Looking East to Look West: Lee Kuan Yew's Mission India
- Author: Sunanda K. Datta-Ray
- Language: English
- Publisher: Penguin; ISEAS
- Publication date: October 27, 2009
- Pages: 384
- ISBN: 978-981-4279-04-8

= Looking East to Look West =

Non-fiction book by Sunada K. Datta-Ray

Looking East to Look West: Lee Kuan Yew's Mission India won India's most prestigious literary non-fiction prize, the Vodafone Crossword Book Award for 2009. Written by Sunanda K. Datta-Ray, the book is a "profound" and "intricate" analytic-history of India's first major foreign policy innovation since Non-alignment: the Look East policy. The policy began, according to Datta-Ray, during P.V. Narasimha Rao's tenure as Prime Minister of India. Rao devised the policy as only the first stage of a strategy to foster economic and security cooperation with the United States. However Looking East became an end in itself, and Singapore a valid destination, largely because of Minister Mentor Lee Kuan Yew. Today, Singapore is the route for the bulk of foreign direct investment into India and the channel for Indian companies to export to the international market. Datta-Ray details how this came about on the basis of eight one-on-one conversations with Lee, a series of interviews with supporting actors and a host of, till now, unseen documents, spanning peoples and historical records over nearly 75 years.

==Editions==
Published for the Indian market by Penguin, there have been three reprints of the international edition which is published by the Institute of South East Asian Studies (ISEAS) in Singapore. Datta-Ray is alleged to have said at the Vodafone Crossword award ceremony that the international edition is better produced than the Indian edition (see below).

==Reception==
Before the award, the book was well received in both India and Singapore. Recognizing that the title was understated because the book contained a novel argument which drew upon complex source material, the Indian Express said: "For once, a book delivers more than what the cover promises." Amitabh Mattoo, a leading Indian scholar, writes the book is, "a masterly chronicle". Singapore's The Straits Times carried fulsome reviews of the book.

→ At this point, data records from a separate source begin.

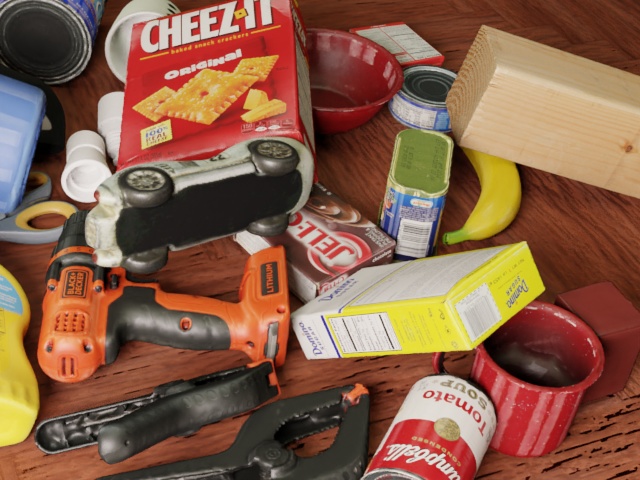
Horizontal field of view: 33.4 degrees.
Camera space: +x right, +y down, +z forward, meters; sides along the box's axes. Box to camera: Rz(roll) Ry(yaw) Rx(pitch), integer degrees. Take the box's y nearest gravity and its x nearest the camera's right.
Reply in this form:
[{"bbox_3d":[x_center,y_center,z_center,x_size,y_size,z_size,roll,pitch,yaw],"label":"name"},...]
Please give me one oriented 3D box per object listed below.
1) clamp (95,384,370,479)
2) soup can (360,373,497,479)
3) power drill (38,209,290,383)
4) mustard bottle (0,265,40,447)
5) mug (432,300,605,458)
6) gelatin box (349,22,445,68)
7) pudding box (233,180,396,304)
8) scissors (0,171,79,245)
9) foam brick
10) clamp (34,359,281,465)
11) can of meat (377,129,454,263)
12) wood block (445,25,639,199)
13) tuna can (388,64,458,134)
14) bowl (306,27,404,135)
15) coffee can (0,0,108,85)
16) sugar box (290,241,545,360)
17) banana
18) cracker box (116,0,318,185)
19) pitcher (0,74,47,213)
[{"bbox_3d":[-0.027,0.162,0.706,0.209,0.036,0.165,-26,41,-37],"label":"clamp"},{"bbox_3d":[0.074,0.147,0.724,0.068,0.068,0.102,21,40,15],"label":"soup can"},{"bbox_3d":[-0.120,0.039,0.832,0.187,0.057,0.184,1,38,-7],"label":"power drill"},{"bbox_3d":[-0.259,0.061,0.774,0.096,0.058,0.192,11,35,-27],"label":"mustard bottle"},{"bbox_3d":[0.139,0.101,0.780,0.117,0.081,0.093,14,40,7],"label":"mug"},{"bbox_3d":[0.083,-0.206,1.185,0.073,0.030,0.089,-14,44,-27],"label":"gelatin box"},{"bbox_3d":[-0.006,0.001,0.909,0.089,0.039,0.114,-27,50,-34],"label":"pudding box"},{"bbox_3d":[-0.280,0.003,0.878,0.096,0.016,0.201,23,42,17],"label":"scissors"},{"bbox_3d":[0.209,0.079,0.822,0.051,0.078,0.053,-13,44,-22],"label":"foam brick"},{"bbox_3d":[-0.108,0.117,0.734,0.171,0.039,0.120,-11,6,-44],"label":"clamp"},{"bbox_3d":[0.083,-0.038,0.937,0.057,0.084,0.102,10,39,3],"label":"can of meat"},{"bbox_3d":[0.236,-0.120,1.021,0.206,0.091,0.090,15,35,-13],"label":"wood block"},{"bbox_3d":[0.116,-0.149,1.117,0.086,0.034,0.086,5,39,-4],"label":"tuna can"},{"bbox_3d":[0.002,-0.155,1.087,0.162,0.055,0.162,5,39,-4],"label":"bowl"},{"bbox_3d":[-0.277,-0.240,1.105,0.102,0.103,0.140,5,39,-4],"label":"coffee can"},{"bbox_3d":[0.067,0.048,0.784,0.093,0.048,0.177,-31,10,-37],"label":"sugar box"},{"bbox_3d":[0.156,-0.060,1.012,0.069,0.037,0.197,14,39,-1],"label":"banana"},{"bbox_3d":[-0.093,-0.130,0.973,0.164,0.072,0.213,-11,48,8],"label":"cracker box"},{"bbox_3d":[-0.347,-0.097,0.841,0.242,0.145,0.149,15,61,-15],"label":"pitcher"}]

Former Indian National Security Adviser M.K. Narayanan commended Datta-Ray for his enterprising research skills, especially seeking out and interviewing key players. The book enjoys forewords by both the Indian and Singaporean Foreign Ministers at the time of publication. Indian Foreign Minister Pranab Mukherjee writes: "India's Look East Policy ... has given us renewed confidence in India's Asian destiny. ... To bring together the multiple strands of this complex relationship, there is no better person than Sunanda K Datta-Ray."

In Singapore, President S.R. Nathan launched the book.

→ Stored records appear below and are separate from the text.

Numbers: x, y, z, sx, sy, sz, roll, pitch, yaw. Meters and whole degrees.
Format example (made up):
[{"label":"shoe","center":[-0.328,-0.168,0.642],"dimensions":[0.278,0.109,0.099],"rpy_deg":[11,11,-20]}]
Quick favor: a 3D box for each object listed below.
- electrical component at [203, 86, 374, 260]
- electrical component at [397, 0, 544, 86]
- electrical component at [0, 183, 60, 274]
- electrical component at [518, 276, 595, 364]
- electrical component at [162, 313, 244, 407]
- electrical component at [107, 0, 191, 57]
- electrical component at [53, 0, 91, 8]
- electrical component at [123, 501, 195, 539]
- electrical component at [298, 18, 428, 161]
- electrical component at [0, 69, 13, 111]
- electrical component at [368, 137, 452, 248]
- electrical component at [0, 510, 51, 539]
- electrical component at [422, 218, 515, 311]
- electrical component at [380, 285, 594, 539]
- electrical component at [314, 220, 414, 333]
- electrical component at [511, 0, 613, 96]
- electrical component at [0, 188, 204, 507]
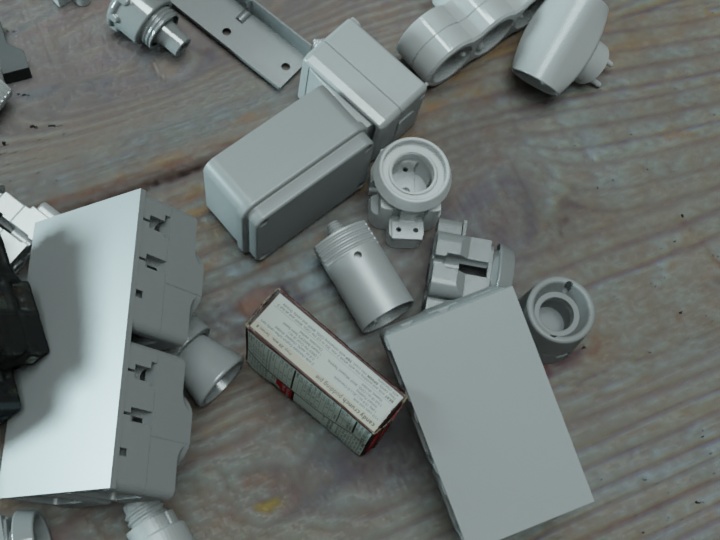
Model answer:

The book also appears to have been well received by other academic organizations. Datta-Ray was invited to speak about his book at St. Anthony's college in Oxford University and at Peterhouse college in Cambridge University.

Datta-Ray also spoke on the subject at Chatham House in London.

==Controversy==
At the Vodafone Crossword award ceremony, Datta-Ray is alleged to have recounted the trials and tribulations of publishing the book. "He jovially jibed at his Indian publishers for having made so many mistakes," which were rectified by the Singaporean publishers of the international edition, ISEAS. Another journalist reported, "Datta-Ray took the opportunity to flay his publisher publicly: for lack of enthusiasm and competence."

Some Indian newspapers also commented on the fact that Looking East to Look West beat a book by Gurcharan Das which was also short-listed for the Vodafone Crossword non-fiction award.